__Data in this exercise__
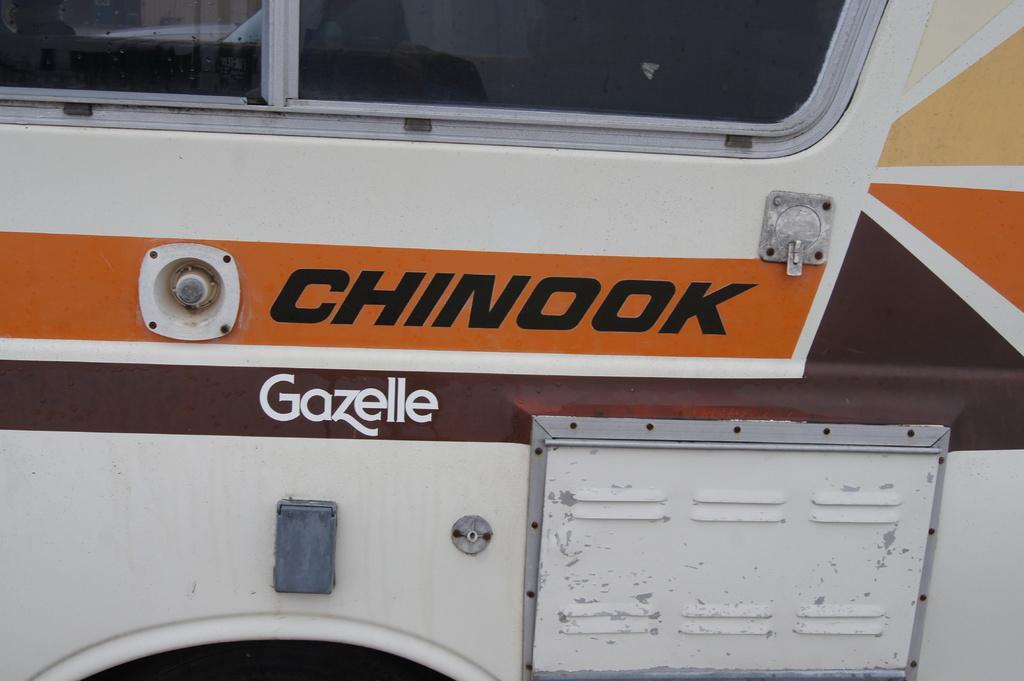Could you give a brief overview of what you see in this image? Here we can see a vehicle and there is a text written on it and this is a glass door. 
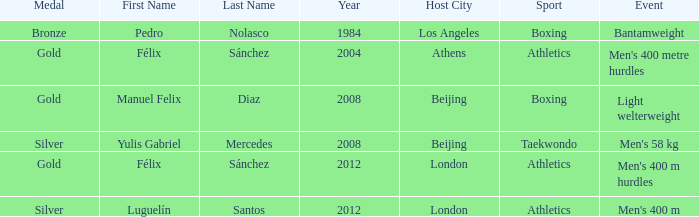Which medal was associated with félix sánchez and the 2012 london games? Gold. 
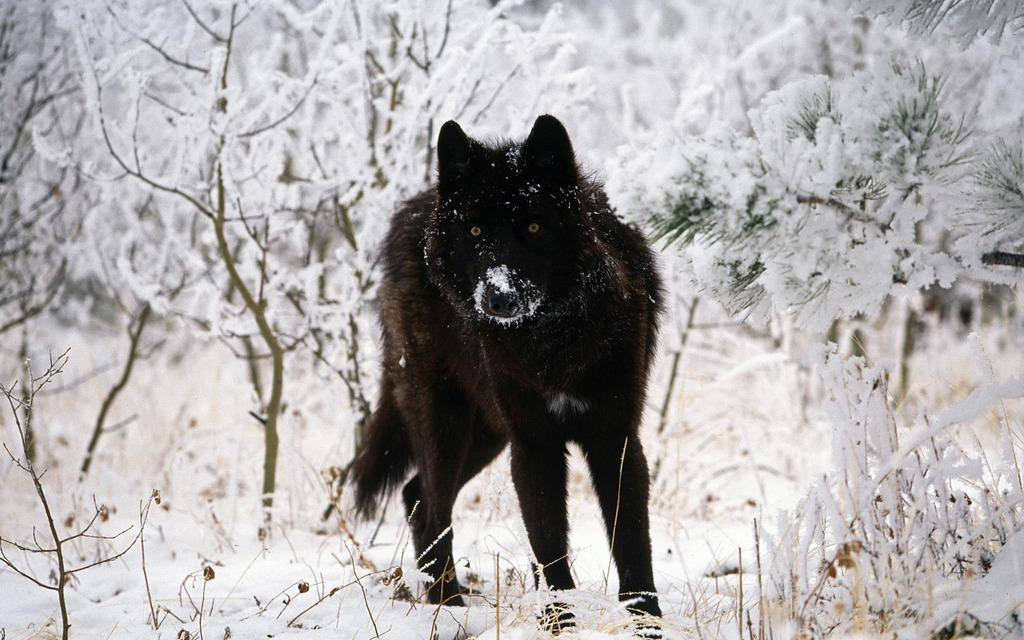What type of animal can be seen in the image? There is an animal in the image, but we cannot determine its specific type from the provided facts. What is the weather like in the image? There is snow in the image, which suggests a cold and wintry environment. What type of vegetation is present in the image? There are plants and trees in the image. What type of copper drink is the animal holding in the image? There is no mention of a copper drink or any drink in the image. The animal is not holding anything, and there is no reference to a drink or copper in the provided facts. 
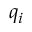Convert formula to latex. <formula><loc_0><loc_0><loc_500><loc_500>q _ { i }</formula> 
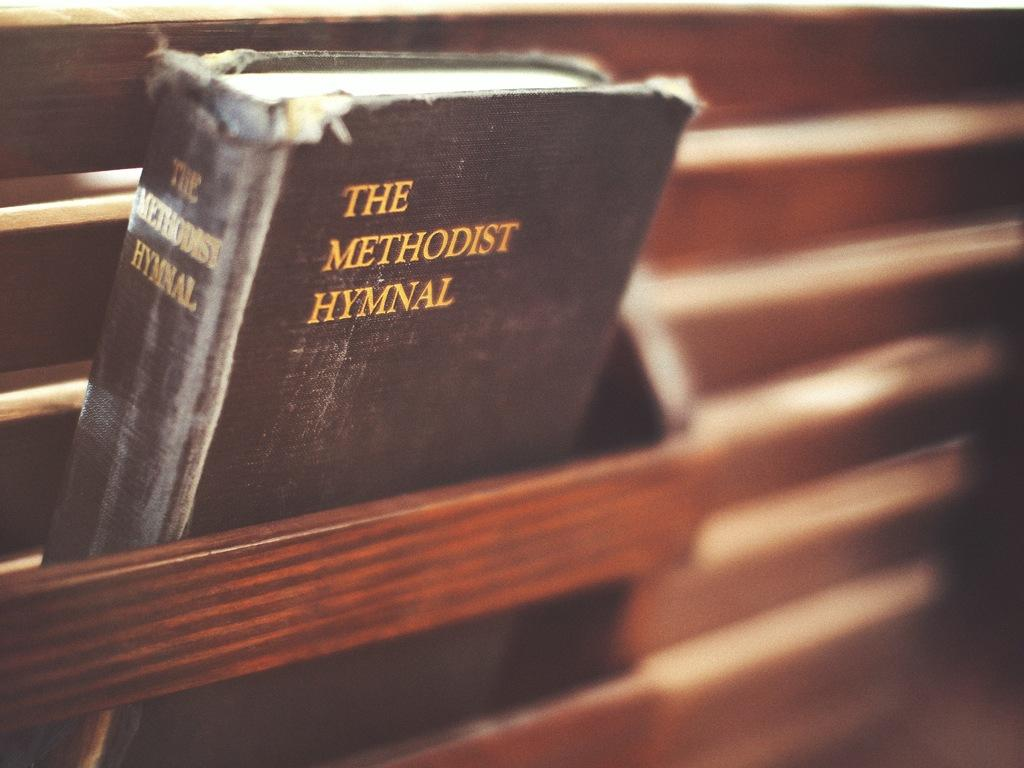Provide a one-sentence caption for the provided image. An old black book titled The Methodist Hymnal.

__Task to carry out__
Once the line containing "What type of animal" is found, transcribe it and every line after it to the end of the records, exactly and with no pictures.

__Task response__
What type of animal can be seen in the image? There is an animal in the image, but we cannot determine its specific type from the provided facts. What is the weather like in the image? There is snow in the image, which suggests a cold and wintry environment. What type of vegetation is present in the image? There are plants and trees in the image. What type of copper drink is the animal holding in the image? There is no mention of a copper drink or any drink in the image. The animal is not holding anything, and there is no reference to a drink or copper in the provided facts. 
Convert formula to latex. <formula><loc_0><loc_0><loc_500><loc_500>q _ { i }</formula> 
Provide a one-sentence caption for the provided image. An old black book titled The Methodist Hymnal.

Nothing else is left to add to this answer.